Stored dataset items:
━━━━━━━━━━━━━━━━━━━━━━━━━━━━━━

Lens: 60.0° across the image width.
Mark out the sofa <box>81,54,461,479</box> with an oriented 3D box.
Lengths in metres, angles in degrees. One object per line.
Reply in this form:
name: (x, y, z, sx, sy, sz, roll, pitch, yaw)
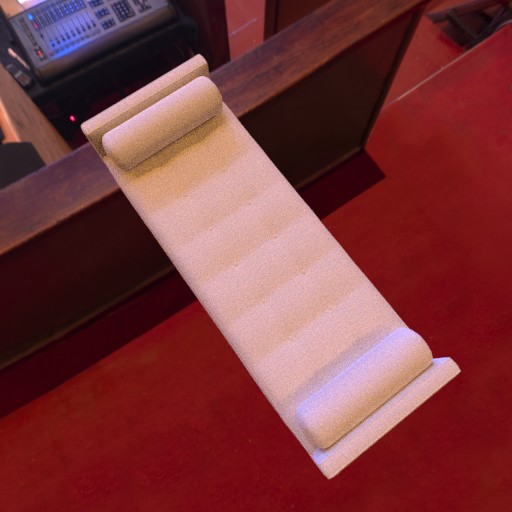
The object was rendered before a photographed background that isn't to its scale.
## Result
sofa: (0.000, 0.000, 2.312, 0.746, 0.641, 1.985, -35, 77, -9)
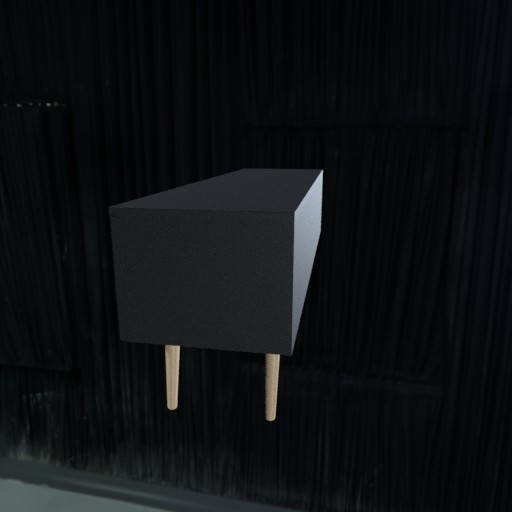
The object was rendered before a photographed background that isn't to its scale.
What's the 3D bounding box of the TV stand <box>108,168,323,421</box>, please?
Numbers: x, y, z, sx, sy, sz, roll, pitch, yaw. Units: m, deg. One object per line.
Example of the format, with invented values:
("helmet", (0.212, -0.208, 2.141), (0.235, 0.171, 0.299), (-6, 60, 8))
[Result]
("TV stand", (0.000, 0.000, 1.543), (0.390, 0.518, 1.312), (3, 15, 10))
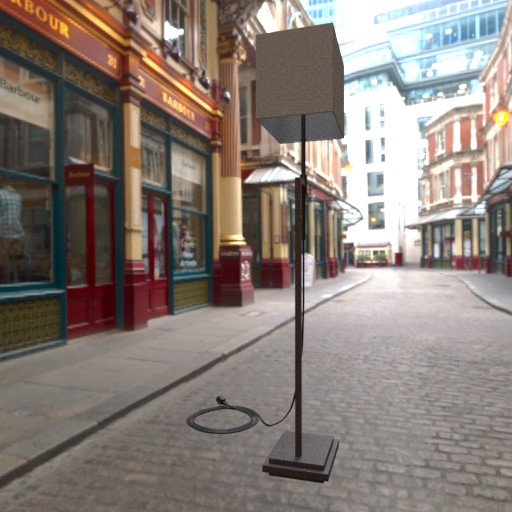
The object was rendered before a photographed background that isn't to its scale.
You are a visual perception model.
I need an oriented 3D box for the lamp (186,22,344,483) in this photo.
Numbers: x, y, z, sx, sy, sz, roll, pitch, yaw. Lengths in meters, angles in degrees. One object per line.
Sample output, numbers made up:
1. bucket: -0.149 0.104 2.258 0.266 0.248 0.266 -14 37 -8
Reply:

━━━━━━━━━━━━━━━━━━━━━━━━━━━━━━

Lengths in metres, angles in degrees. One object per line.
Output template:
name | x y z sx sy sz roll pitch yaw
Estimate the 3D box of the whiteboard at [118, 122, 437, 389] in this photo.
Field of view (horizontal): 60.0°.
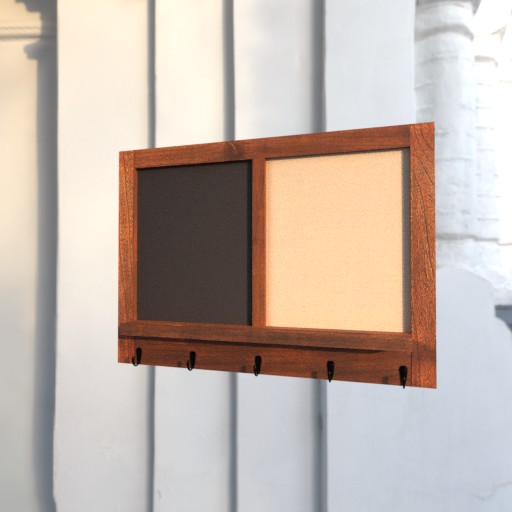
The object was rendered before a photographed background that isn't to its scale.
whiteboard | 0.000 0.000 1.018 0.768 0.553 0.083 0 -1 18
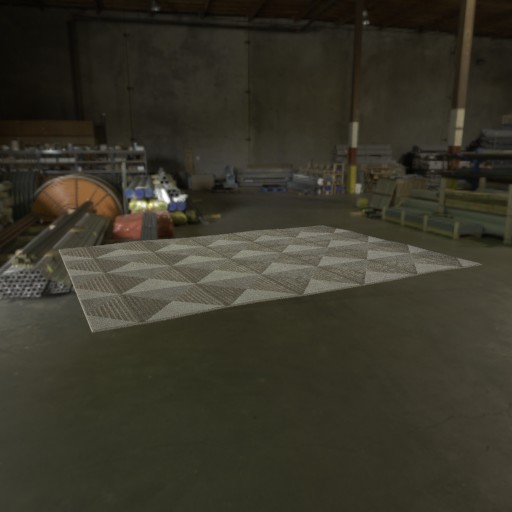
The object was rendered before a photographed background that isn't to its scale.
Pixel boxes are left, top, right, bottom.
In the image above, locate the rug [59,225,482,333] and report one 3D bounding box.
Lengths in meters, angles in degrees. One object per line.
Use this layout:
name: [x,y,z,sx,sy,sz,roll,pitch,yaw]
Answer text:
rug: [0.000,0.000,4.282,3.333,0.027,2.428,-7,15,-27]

━━━━━━━━━━━━━━━━━━━━━━━━━━━━━━

◆ **PROBLEM DESCRIPTION**: Among the lines above, return those that contain the string "bounding".

◆ **RESPONSE BOX**:
What's the 3D bounding box of the TV stand <box>108,168,323,421</box>, please?
In the image above, locate the rug [59,225,482,333] and report one 3D bounding box.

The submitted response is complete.